• **Exercise requirements**
Only the lines from the one with "msp.add_line((0.5, 16.5), (21.5, 16.5), dxfattribs=at)" onward are wanted, through the last line of the entries, set down exactly.

--- Data to use ---

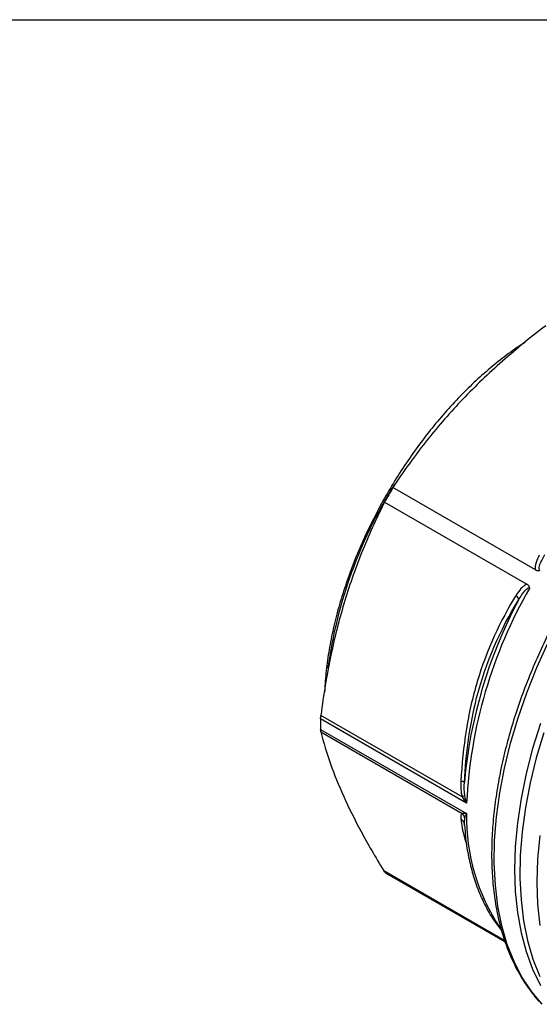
# Model space of a CAD drawing. Header units: inches. Extents: x 0.5 to 21.5, y 0.5 to 16.5.
# Tile 9 of 12: x 14 to 15.6, y 13.4 to 16.5. Entities that reach past the tile are written whole.
import ezdxf

# ---------------------------------------------------------------- set-up
doc = ezdxf.new("R2010")
doc.units = ezdxf.units.IN
doc.header["$LTSCALE"] = 2
doc.header["$MEASUREMENT"] = 0
doc.linetypes.add('SLD-Solid', pattern=[0])
doc.layers.add('TEXT', color=140, linetype='SLD-Solid', lineweight=25)

msp = doc.modelspace()

# ---------------------------------------------------------------- linework, layer by layer
for p, q in [((15.592, 14.7719), (15.1446, 15.0302)), ((15.1182, 14.9846), (15.5657, 14.7263)), ((15.376, 14.0391), (14.9173, 14.3039)), ((15.362, 14.0585), (14.9182, 14.3147)), ((14.9173, 14.2707), (15.376, 14.0059)), ((14.9182, 14.2628), (15.362, 14.0066)), ((15.3692, 13.9728), (15.3701, 13.9934)), ((15.3679, 13.9758), (15.3687, 13.974)), ((15.369, 13.969), (15.3692, 13.9728)), ((15.3693, 13.971), (15.371, 13.951)), ((15.4956, 13.6067), (15.1158, 13.826)), ((15.4966, 13.6034), (15.1212, 13.8201)), ((15.1313, 13.814), (15.4967, 13.6031))]:
    msp.add_line(p, q)
at = {"flags": 128}
for points in [[(15.6138, 13.4069), (15.5805, 13.4464), (15.5508, 13.4913), (15.5252, 13.541), (15.5039, 13.5952), (15.4869, 13.6535), (15.4743, 13.7157), (15.4663, 13.7814), (15.4629, 13.8502), (15.464, 13.9218), (15.4697, 13.9957), (15.48, 14.0715), (15.4948, 14.1489), (15.514, 14.2273), (15.5375, 14.3064), (15.5652, 14.3857), (15.5969, 14.4648), (15.6324, 14.5431)], [(15.6081, 14.2893), (15.5835, 14.2101), (15.5632, 14.1315), (15.5473, 14.0538), (15.5359, 13.9775), (15.529, 13.9031), (15.5267, 13.8309), (15.529, 13.7613), (15.5359, 13.6948), (15.5473, 13.6317), (15.5632, 13.5724), (15.5835, 13.5172), (15.6081, 13.4663)], [(15.6182, 14.2598), (15.5947, 14.1807), (15.5755, 14.1023), (15.5608, 14.0249), (15.5505, 13.9491), (15.5447, 13.8751), (15.5436, 13.8036), (15.547, 13.7348), (15.5551, 13.6691), (15.5676, 13.6069), (15.5846, 13.5486), (15.606, 13.4944)], [(15.6056, 13.9373), (15.5987, 13.8628), (15.5964, 13.7906), (15.5987, 13.7211), (15.6056, 13.6546)]]:
    msp.add_lwpolyline(points, dxfattribs=at)
for centre, radius, start, end in [((16.3961, 14.2615), 1.4701, 148.1797, 172.0854), ((16.6812, 14.1126), 1.7897, 149.1567, 150.8433), ((16.8684, 13.9684), 1.494, 150.0286, 177.287), ((16.8568, 13.9735), 1.4935, 151.9225, 174.9773), ((15.8916, 14.2873), 0.9744, 179.0226, 180.9774), ((15.995, 13.9922), 0.6191, 178.7322, 213.8541), ((15.3036, 14.1125), 0.3446, 238.0402, 240.0026)]:
    msp.add_arc(centre, radius, start, end)
for points, knots in [([(15.6246, 15.5383), (15.5723, 15.4986), (15.5249, 15.4596), (15.4366, 15.381), (15.3958, 15.3414), (15.3185, 15.2595), (15.282, 15.2174), (15.2117, 15.1281), (15.1779, 15.0811), (15.1446, 15.0302)], [0, 0, 0, 0, 0.25, 0.25, 0.5, 0.5, 0.75, 0.75, 1, 1, 1, 1]), ([(15.5612, 15.4873), (15.5521, 15.4816), (15.5256, 15.4647), (15.4819, 15.4318), (15.4305, 15.3893), (15.3803, 15.3426), (15.3314, 15.2922), (15.2842, 15.2385), (15.2389, 15.1818), (15.1958, 15.1224), (15.1552, 15.0606), (15.1173, 14.9969), (15.0824, 14.9316), (15.0506, 14.8651), (15.0221, 14.7978), (14.9972, 14.7301), (14.9759, 14.6624), (14.9584, 14.5951), (14.9448, 14.5286), (14.9355, 14.4635), (14.9307, 14.417), (14.9302, 14.393), (14.9302, 14.3895)], [0, 0, 0, 0, 0.027642, 0.081191, 0.13473, 0.188257, 0.241772, 0.295278, 0.348774, 0.402265, 0.45575, 0.509234, 0.562717, 0.616203, 0.669693, 0.723189, 0.776693, 0.830209, 0.883738, 0.937281, 0.990841, 1, 1, 1, 1]), ([(16.1001, 15.1724), (16.0867, 15.1613), (16.0544, 15.1347), (16.0044, 15.0878), (15.9503, 15.0327), (15.8978, 14.9741), (15.8472, 14.9124), (15.7988, 14.8479), (15.7528, 14.7809), (15.7094, 14.7117), (15.6688, 14.6408), (15.6312, 14.5684), (15.5969, 14.4948), (15.5659, 14.4205), (15.5384, 14.3458), (15.5146, 14.2711), (15.4946, 14.1967), (15.4785, 14.123), (15.4664, 14.0503), (15.4583, 13.9791), (15.4544, 13.9096), (15.4546, 13.8421), (15.4589, 13.7771), (15.4674, 13.7148), (15.4801, 13.6556), (15.4969, 13.5998), (15.5176, 13.5477), (15.5423, 13.4994), (15.571, 13.4558), (15.5937, 13.4262), (15.6078, 13.4126), (15.61, 13.4104)], [0, 0, 0, 0, 0.025338, 0.061225, 0.097099, 0.13296, 0.168811, 0.204654, 0.24049, 0.276322, 0.312153, 0.347985, 0.38382, 0.41966, 0.455508, 0.491366, 0.527237, 0.563123, 0.599026, 0.634946, 0.670885, 0.70684, 0.742809, 0.778782, 0.814744, 0.850674, 0.886544, 0.922322, 0.957976, 0.993476, 1, 1, 1, 1]), ([(15.1182, 14.9846), (15.0908, 14.9302), (15.067, 14.8774), (15.0249, 14.772), (15.0065, 14.7193), (14.9743, 14.6114), (14.9605, 14.5563), (14.9365, 14.4405), (14.9264, 14.3799), (14.9182, 14.3147)], [0, 0, 0, 0, 0.25, 0.25, 0.5, 0.5, 0.75, 0.75, 1, 1, 1, 1]), ([(15.6045, 14.8181), (15.6004, 14.8105), (15.5969, 14.8027), (15.5932, 14.791), (15.5922, 14.7871), (15.5912, 14.7794), (15.5913, 14.7755), (15.5921, 14.7719)], [0, 0, 0, 0, 0.5, 0.5, 0.75, 0.75, 1, 1, 1, 1]), ([(15.6062, 14.7703), (15.6037, 14.7718), (15.6032, 14.78), (15.6098, 14.798), (15.6171, 14.8117), (15.6219, 14.8198)], [-0.2980604, -0.2980604, -0.2980604, -0.2980604, -0.2433855, -0.1887106, -0.1066982, -0.1066982, -0.1066982, -0.1066982]), ([(15.5921, 14.7719), (15.5922, 14.7718), (15.5925, 14.7716), (15.5933, 14.7712), (15.5945, 14.7706), (15.5962, 14.77), (15.5986, 14.7695), (15.6014, 14.7692), (15.6042, 14.7696), (15.6056, 14.7701), (15.6062, 14.7703)], [0, 0, 0, 0, 0.027852, 0.090473, 0.18577, 0.309676, 0.45659, 0.708776, 0.882878, 1, 1, 1, 1]), ([(15.5657, 14.7262), (15.5621, 14.7252), (15.5588, 14.7232), (15.5526, 14.7185), (15.5497, 14.7157), (15.5413, 14.7067), (15.5364, 14.6997), (15.5319, 14.6924)], [0, 0, 0, 0, 0.25, 0.25, 0.5, 0.5, 1, 1, 1, 1]), ([(15.5742, 14.7148), (15.574, 14.7153), (15.5738, 14.7167), (15.5729, 14.719), (15.5714, 14.7214), (15.5695, 14.7235), (15.5677, 14.7249), (15.5665, 14.7259), (15.5659, 14.7261), (15.5657, 14.7262)], [0, 0, 0, 0, 0.111373, 0.266152, 0.478781, 0.684958, 0.848722, 0.956429, 1, 1, 1, 1]), ([(15.5319, 14.6924), (15.4814, 14.6111), (15.4391, 14.5197), (15.3946, 14.3714), (15.3831, 14.32), (15.3663, 14.215), (15.361, 14.1614), (15.3582, 14.1078)], [0, 0, 0, 0, 0.5, 0.5, 0.75, 0.75, 1, 1, 1, 1]), ([(15.5391, 14.6764), (15.5453, 14.6874), (15.5536, 14.7006), (15.5661, 14.7136), (15.5716, 14.7163), (15.5742, 14.7148)], [-0.1913616, -0.1913616, -0.1913616, -0.1913616, -0.0820121, -0.0546748, 0, 0, 0, 0]), ([(15.369, 14.1043), (15.3737, 14.1947), (15.4019, 14.4044), (15.4825, 14.5856), (15.5391, 14.6764)], [0, 0, 0, 0, 0.707444, 1.650702, 1.650702, 1.650702, 1.650702]), ([(14.9182, 14.2628), (14.9264, 14.2293), (14.9364, 14.1962), (14.9601, 14.1292), (14.9738, 14.0953), (15.0056, 14.025), (15.0237, 13.9885), (15.0653, 13.9112), (15.0888, 13.8703), (15.1158, 13.826)], [0, 0, 0, 0, 0.25, 0.25, 0.5, 0.5, 0.75, 0.75, 1, 1, 1, 1]), ([(15.376, 14.0391), (15.376, 14.0393), (15.3759, 14.0394), (15.3734, 14.0471), (15.3714, 14.0551), (15.3701, 14.063)], [-0.00160954, -0.00160954, -0.00160954, -0.00160954, 0, 0, 0.08045236, 0.08045236, 0.08045236, 0.08045236]), ([(15.3582, 13.9893), (15.3597, 13.988), (15.3628, 13.9853), (15.3661, 13.9806), (15.3673, 13.9772), (15.3678, 13.9757)], [0, 0, 0, 0, 0.353538, 0.707247, 1, 1, 1, 1]), ([(15.3582, 13.9893), (15.3606, 13.9707), (15.3639, 13.9456), (15.3736, 13.9161), (15.3761, 13.9085)], [0, 0, 0, 0, 0.743634, 1, 1, 1, 1]), ([(15.3701, 13.9934), (15.3714, 13.997), (15.3734, 14.0012), (15.3759, 14.0057), (15.376, 14.0058), (15.376, 14.0059)], [-0.08206181, -0.08206181, -0.08206181, -0.08206181, -0.00159889, -0.00159889, 0, 0, 0, 0]), ([(15.371, 13.951), (15.3716, 13.9434), (15.3737, 13.9154), (15.3817, 13.8699), (15.3951, 13.8148), (15.4127, 13.7633), (15.4344, 13.7157), (15.4586, 13.6737), (15.4773, 13.6498), (15.486, 13.6387)], [0, 0, 0, 0, 0.0595309, 0.2205206, 0.3814035, 0.5420317, 0.7022143, 0.8617366, 1, 1, 1, 1])]:
    msp.add_open_spline(points, degree=3, knots=knots)
for points in [[(15.5391, 14.6764), (15.5398, 14.6807), (15.5371, 14.6867), (15.5319, 14.6924)], [(14.9173, 14.3039), (14.9174, 14.3072), (14.9177, 14.3108), (14.9182, 14.3147)], [(14.9182, 14.2628), (14.9177, 14.2648), (14.9174, 14.2675), (14.9173, 14.2707)], [(15.3582, 14.1078), (15.3573, 14.0914), (15.3574, 14.0742), (15.362, 14.0585)], [(15.369, 14.1043), (15.3688, 14.1054), (15.3648, 14.1067), (15.3582, 14.1078)], [(15.3701, 14.063), (15.368, 14.0753), (15.3682, 14.0899), (15.369, 14.1043)], [(15.3701, 14.063), (15.3685, 14.0617), (15.3657, 14.0602), (15.362, 14.0585)], [(15.362, 14.0585), (15.366, 14.0519), (15.3708, 14.0454), (15.376, 14.0391)], [(15.362, 14.0066), (15.3574, 14.0038), (15.3573, 13.9968), (15.3582, 13.9893)], [(15.376, 14.0059), (15.3708, 14.0058), (15.366, 14.006), (15.362, 14.0066)], [(15.3701, 13.9934), (15.3685, 13.9983), (15.3657, 14.0029), (15.362, 14.0066)], [(15.1212, 13.8201), (15.1192, 13.8213), (15.1174, 13.8233), (15.1158, 13.826)]]:
    msp.add_open_spline(points, degree=3)
at = {"layer": 'TEXT'}
msp.add_line((0.5, 16.5), (21.5, 16.5), dxfattribs=at)

doc.saveas('drawing.dxf')

---

• **Task result**
msp.add_line((0.5, 16.5), (21.5, 16.5), dxfattribs=at)

doc.saveas('drawing.dxf')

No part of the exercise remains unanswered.